Please give every line below again exactly, but not its pictures.

────

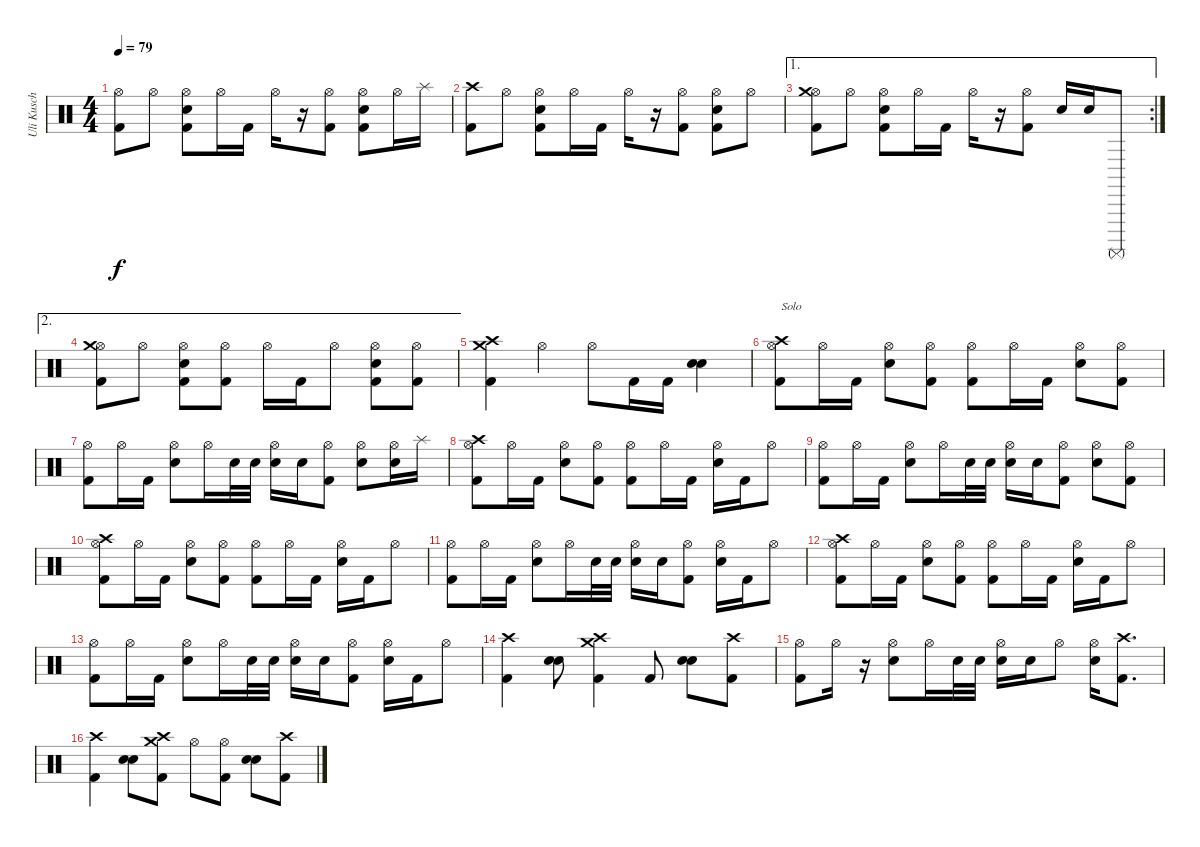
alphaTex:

\track ("Uli Kusch" "Uli Kusch") {instrument percussion}
\staff {score}
\articulation defaults
\ts (4 4)
\tempo 79
\clef neutral
\ks c
("Kick (hit) 2" "Hi-Hat (open)").8{dy f} "Hi-Hat (open)".8 ("Snare (hit) 2" "Kick (hit) 2" "Hi-Hat (open)").8 "Hi-Hat (open)".16 "Kick (hit) 2".16 "Hi-Hat (open)".16 r.16 ("Kick (hit) 2" "Hi-Hat (open)").8 ("Kick (hit) 2" "Snare (hit) 2" "Hi-Hat (open)").8 "Hi-Hat (open)".16 "Splash (hit)".16 |
("Kick (hit) 2" "Crash high (hit)").8 "Hi-Hat (open)".8 ("Snare (hit) 2" "Kick (hit) 2" "Hi-Hat (open)").8 "Hi-Hat (open)".16 "Kick (hit) 2".16 "Hi-Hat (open)".16 r.16 ("Kick (hit) 2" "Hi-Hat (open)").8 ("Kick (hit) 2" "Snare (hit) 2" "Hi-Hat (open)").8 "Hi-Hat (open)".8 |
\ae 1
\rc 2
("Kick (hit) 2" "Hi-Hat (open)" "Crash medium (hit)").8 "Hi-Hat (open)".8 ("Snare (hit) 2" "Kick (hit) 2" "Hi-Hat (open)").8 "Hi-Hat (open)".16 "Kick (hit) 2".16 "Hi-Hat (open)".16 r.16 ("Kick (hit) 2" "Hi-Hat (open)").8 "Snare (hit) 2".16 "Snare (hit) 2".16 "Surdo (mute)".8 |
\ae 2
("Kick (hit) 2" "Hi-Hat (open)" "Crash medium (hit)").8 "Hi-Hat (open)".8 ("Snare (hit) 2" "Kick (hit) 2" "Hi-Hat (open)").8 ("Kick (hit) 2" "Hi-Hat (open)").8 "Hi-Hat (open)".16 "Kick (hit) 2".16 "Hi-Hat (open)".8 ("Kick (hit) 2" "Snare (hit) 2" "Hi-Hat (open)").8 ("Kick (hit) 2" "Hi-Hat (open)").8 |
("Kick (hit) 2" "Crash high (hit)" "Crash medium (hit)").4 "Hi-Hat (open)".4 "Hi-Hat (open)".8 "Kick (hit) 2".16 "Kick (hit) 2".16 ("Snare (hit) 2" "Snare (hit) 2").4{bd 60} |
("Crash high (hit)" "Hi-Hat (open)" "Kick (hit) 2").8{txt "Solo"} "Hi-Hat (open)".16 "Kick (hit) 2".16 ("Snare (hit) 2" "Hi-Hat (open)").8 ("Kick (hit) 2" "Hi-Hat (open)").8 ("Hi-Hat (open)" "Kick (hit) 2").8 "Hi-Hat (open)".16 "Kick (hit) 2".16 ("Snare (hit) 2" "Hi-Hat (open)").8 ("Hi-Hat (open)" "Kick (hit) 2").8 |
("Hi-Hat (open)" "Kick (hit) 2").8 "Hi-Hat (open)".16 "Kick (hit) 2".16 ("Snare (hit) 2" "Hi-Hat (open)").8 "Hi-Hat (open)".16 "Snare (hit) 2".32 "Snare (hit) 2".32 ("Snare (hit) 2" "Hi-Hat (open)").16 "Snare (hit) 2".16 ("Kick (hit) 2" "Hi-Hat (open)").8 ("Snare (hit) 2" "Hi-Hat (open)").8 ("Snare (hit) 2" "Hi-Hat (open)").16 "Splash (hit)".16 |
("Crash high (hit)" "Hi-Hat (open)" "Kick (hit) 2").8 "Hi-Hat (open)".16 "Kick (hit) 2".16 ("Snare (hit) 2" "Hi-Hat (open)").8 ("Kick (hit) 2" "Hi-Hat (open)").8 ("Hi-Hat (open)" "Kick (hit) 2").8 "Hi-Hat (open)".16 "Kick (hit) 2".16 ("Snare (hit) 2" "Hi-Hat (open)").16 "Kick (hit) 2".16 "Hi-Hat (open)".8 |
("Hi-Hat (open)" "Kick (hit) 2").8 "Hi-Hat (open)".16 "Kick (hit) 2".16 ("Snare (hit) 2" "Hi-Hat (open)").8 "Hi-Hat (open)".16 "Snare (hit) 2".32 "Snare (hit) 2".32 ("Snare (hit) 2" "Hi-Hat (open)").16 "Snare (hit) 2".16 ("Kick (hit) 2" "Hi-Hat (open)").8 ("Snare (hit) 2" "Hi-Hat (open)").8 ("Kick (hit) 2" "Hi-Hat (open)").8 |
("Crash high (hit)" "Hi-Hat (open)" "Kick (hit) 2").8 "Hi-Hat (open)".16 "Kick (hit) 2".16 ("Snare (hit) 2" "Hi-Hat (open)").8 ("Kick (hit) 2" "Hi-Hat (open)").8 ("Hi-Hat (open)" "Kick (hit) 2").8 "Hi-Hat (open)".16 "Kick (hit) 2".16 ("Snare (hit) 2" "Hi-Hat (open)").16 "Kick (hit) 2".16 "Hi-Hat (open)".8 |
("Hi-Hat (open)" "Kick (hit) 2").8 "Hi-Hat (open)".16 "Kick (hit) 2".16 ("Snare (hit) 2" "Hi-Hat (open)").8 "Hi-Hat (open)".16 "Snare (hit) 2".32 "Snare (hit) 2".32 ("Snare (hit) 2" "Hi-Hat (open)").16 "Snare (hit) 2".16 ("Kick (hit) 2" "Hi-Hat (open)").8 ("Snare (hit) 2" "Hi-Hat (open)").16 "Kick (hit) 2".16 "Hi-Hat (open)".8 |
("Crash high (hit)" "Hi-Hat (open)" "Kick (hit) 2").8 "Hi-Hat (open)".16 "Kick (hit) 2".16 ("Snare (hit) 2" "Hi-Hat (open)").8 ("Kick (hit) 2" "Hi-Hat (open)").8 ("Hi-Hat (open)" "Kick (hit) 2").8 "Hi-Hat (open)".16 "Kick (hit) 2".16 ("Snare (hit) 2" "Hi-Hat (open)").16 "Kick (hit) 2".16 "Hi-Hat (open)".8 |
("Hi-Hat (open)" "Kick (hit) 2").8 "Hi-Hat (open)".16 "Kick (hit) 2".16 ("Snare (hit) 2" "Hi-Hat (open)").8 "Hi-Hat (open)".16 "Snare (hit) 2".32 "Snare (hit) 2".32 ("Snare (hit) 2" "Hi-Hat (open)").16 "Snare (hit) 2".16 ("Kick (hit) 2" "Hi-Hat (open)").8 ("Snare (hit) 2" "Hi-Hat (open)").16 "Kick (hit) 2".16 "Hi-Hat (open)".8 |
("Crash high (hit)" "Kick (hit) 2").4 ("Snare (hit) 2" "Snare (hit) 2").8{bd 60} ("Kick (hit) 2" "Crash high (hit)" "Crash medium (hit)").4 "Kick (hit) 2".8 ("Snare (hit) 2" "Snare (hit) 2").8 ("Crash high (hit)" "Kick (hit) 2").8 |
("Hi-Hat (open)" "Kick (hit) 2").8 "Hi-Hat (open)".16 r.16 ("Snare (hit) 2" "Hi-Hat (open)").8 "Hi-Hat (open)".16 "Snare (hit) 2".32 "Snare (hit) 2".32 ("Snare (hit) 2" "Hi-Hat (open)").16 "Snare (hit) 2".16 "Hi-Hat (open)".8 ("Snare (hit) 2" "Hi-Hat (open)").16 ("Crash high (hit)" "Kick (hit) 2").8{d} |
("Crash high (hit)" "Kick (hit) 2").4 ("Snare (hit) 2" "Snare (hit) 2").8{bd 60} ("Kick (hit) 2" "Crash high (hit)" "Crash medium (hit)").8 "Hi-Hat (open)".8 ("Hi-Hat (open)" "Kick (hit) 2").8 ("Snare (hit) 2" "Snare (hit) 2").8 ("Kick (hit) 2" "Crash high (hit)").8

────

**Written reply**
alphaTex:

\track ("Uli Kusch" "Uli Kusch") {instrument percussion}
\staff {score}
\articulation defaults
\ts (4 4)
\tempo 79
\clef neutral
\ks c
("Kick (hit) 2" "Hi-Hat (open)").8{dy f} "Hi-Hat (open)".8 ("Snare (hit) 2" "Kick (hit) 2" "Hi-Hat (open)").8 "Hi-Hat (open)".16 "Kick (hit) 2".16 "Hi-Hat (open)".16 r.16 ("Kick (hit) 2" "Hi-Hat (open)").8 ("Kick (hit) 2" "Snare (hit) 2" "Hi-Hat (open)").8 "Hi-Hat (open)".16 "Splash (hit)".16 |
("Kick (hit) 2" "Crash high (hit)").8 "Hi-Hat (open)".8 ("Snare (hit) 2" "Kick (hit) 2" "Hi-Hat (open)").8 "Hi-Hat (open)".16 "Kick (hit) 2".16 "Hi-Hat (open)".16 r.16 ("Kick (hit) 2" "Hi-Hat (open)").8 ("Kick (hit) 2" "Snare (hit) 2" "Hi-Hat (open)").8 "Hi-Hat (open)".8 |
\ae 1
\rc 2
("Kick (hit) 2" "Hi-Hat (open)" "Crash medium (hit)").8 "Hi-Hat (open)".8 ("Snare (hit) 2" "Kick (hit) 2" "Hi-Hat (open)").8 "Hi-Hat (open)".16 "Kick (hit) 2".16 "Hi-Hat (open)".16 r.16 ("Kick (hit) 2" "Hi-Hat (open)").8 "Snare (hit) 2".16 "Snare (hit) 2".16 "Surdo (mute)".8 |
\ae 2
("Kick (hit) 2" "Hi-Hat (open)" "Crash medium (hit)").8 "Hi-Hat (open)".8 ("Snare (hit) 2" "Kick (hit) 2" "Hi-Hat (open)").8 ("Kick (hit) 2" "Hi-Hat (open)").8 "Hi-Hat (open)".16 "Kick (hit) 2".16 "Hi-Hat (open)".8 ("Kick (hit) 2" "Snare (hit) 2" "Hi-Hat (open)").8 ("Kick (hit) 2" "Hi-Hat (open)").8 |
("Kick (hit) 2" "Crash high (hit)" "Crash medium (hit)").4 "Hi-Hat (open)".4 "Hi-Hat (open)".8 "Kick (hit) 2".16 "Kick (hit) 2".16 ("Snare (hit) 2" "Snare (hit) 2").4{bd 60} |
("Crash high (hit)" "Hi-Hat (open)" "Kick (hit) 2").8{txt "Solo"} "Hi-Hat (open)".16 "Kick (hit) 2".16 ("Snare (hit) 2" "Hi-Hat (open)").8 ("Kick (hit) 2" "Hi-Hat (open)").8 ("Hi-Hat (open)" "Kick (hit) 2").8 "Hi-Hat (open)".16 "Kick (hit) 2".16 ("Snare (hit) 2" "Hi-Hat (open)").8 ("Hi-Hat (open)" "Kick (hit) 2").8 |
("Hi-Hat (open)" "Kick (hit) 2").8 "Hi-Hat (open)".16 "Kick (hit) 2".16 ("Snare (hit) 2" "Hi-Hat (open)").8 "Hi-Hat (open)".16 "Snare (hit) 2".32 "Snare (hit) 2".32 ("Snare (hit) 2" "Hi-Hat (open)").16 "Snare (hit) 2".16 ("Kick (hit) 2" "Hi-Hat (open)").8 ("Snare (hit) 2" "Hi-Hat (open)").8 ("Snare (hit) 2" "Hi-Hat (open)").16 "Splash (hit)".16 |
("Crash high (hit)" "Hi-Hat (open)" "Kick (hit) 2").8 "Hi-Hat (open)".16 "Kick (hit) 2".16 ("Snare (hit) 2" "Hi-Hat (open)").8 ("Kick (hit) 2" "Hi-Hat (open)").8 ("Hi-Hat (open)" "Kick (hit) 2").8 "Hi-Hat (open)".16 "Kick (hit) 2".16 ("Snare (hit) 2" "Hi-Hat (open)").16 "Kick (hit) 2".16 "Hi-Hat (open)".8 |
("Hi-Hat (open)" "Kick (hit) 2").8 "Hi-Hat (open)".16 "Kick (hit) 2".16 ("Snare (hit) 2" "Hi-Hat (open)").8 "Hi-Hat (open)".16 "Snare (hit) 2".32 "Snare (hit) 2".32 ("Snare (hit) 2" "Hi-Hat (open)").16 "Snare (hit) 2".16 ("Kick (hit) 2" "Hi-Hat (open)").8 ("Snare (hit) 2" "Hi-Hat (open)").8 ("Kick (hit) 2" "Hi-Hat (open)").8 |
("Crash high (hit)" "Hi-Hat (open)" "Kick (hit) 2").8 "Hi-Hat (open)".16 "Kick (hit) 2".16 ("Snare (hit) 2" "Hi-Hat (open)").8 ("Kick (hit) 2" "Hi-Hat (open)").8 ("Hi-Hat (open)" "Kick (hit) 2").8 "Hi-Hat (open)".16 "Kick (hit) 2".16 ("Snare (hit) 2" "Hi-Hat (open)").16 "Kick (hit) 2".16 "Hi-Hat (open)".8 |
("Hi-Hat (open)" "Kick (hit) 2").8 "Hi-Hat (open)".16 "Kick (hit) 2".16 ("Snare (hit) 2" "Hi-Hat (open)").8 "Hi-Hat (open)".16 "Snare (hit) 2".32 "Snare (hit) 2".32 ("Snare (hit) 2" "Hi-Hat (open)").16 "Snare (hit) 2".16 ("Kick (hit) 2" "Hi-Hat (open)").8 ("Snare (hit) 2" "Hi-Hat (open)").16 "Kick (hit) 2".16 "Hi-Hat (open)".8 |
("Crash high (hit)" "Hi-Hat (open)" "Kick (hit) 2").8 "Hi-Hat (open)".16 "Kick (hit) 2".16 ("Snare (hit) 2" "Hi-Hat (open)").8 ("Kick (hit) 2" "Hi-Hat (open)").8 ("Hi-Hat (open)" "Kick (hit) 2").8 "Hi-Hat (open)".16 "Kick (hit) 2".16 ("Snare (hit) 2" "Hi-Hat (open)").16 "Kick (hit) 2".16 "Hi-Hat (open)".8 |
("Hi-Hat (open)" "Kick (hit) 2").8 "Hi-Hat (open)".16 "Kick (hit) 2".16 ("Snare (hit) 2" "Hi-Hat (open)").8 "Hi-Hat (open)".16 "Snare (hit) 2".32 "Snare (hit) 2".32 ("Snare (hit) 2" "Hi-Hat (open)").16 "Snare (hit) 2".16 ("Kick (hit) 2" "Hi-Hat (open)").8 ("Snare (hit) 2" "Hi-Hat (open)").16 "Kick (hit) 2".16 "Hi-Hat (open)".8 |
("Crash high (hit)" "Kick (hit) 2").4 ("Snare (hit) 2" "Snare (hit) 2").8{bd 60} ("Kick (hit) 2" "Crash high (hit)" "Crash medium (hit)").4 "Kick (hit) 2".8 ("Snare (hit) 2" "Snare (hit) 2").8 ("Crash high (hit)" "Kick (hit) 2").8 |
("Hi-Hat (open)" "Kick (hit) 2").8 "Hi-Hat (open)".16 r.16 ("Snare (hit) 2" "Hi-Hat (open)").8 "Hi-Hat (open)".16 "Snare (hit) 2".32 "Snare (hit) 2".32 ("Snare (hit) 2" "Hi-Hat (open)").16 "Snare (hit) 2".16 "Hi-Hat (open)".8 ("Snare (hit) 2" "Hi-Hat (open)").16 ("Crash high (hit)" "Kick (hit) 2").8{d} |
("Crash high (hit)" "Kick (hit) 2").4 ("Snare (hit) 2" "Snare (hit) 2").8{bd 60} ("Kick (hit) 2" "Crash high (hit)" "Crash medium (hit)").8 "Hi-Hat (open)".8 ("Hi-Hat (open)" "Kick (hit) 2").8 ("Snare (hit) 2" "Snare (hit) 2").8 ("Kick (hit) 2" "Crash high (hit)").8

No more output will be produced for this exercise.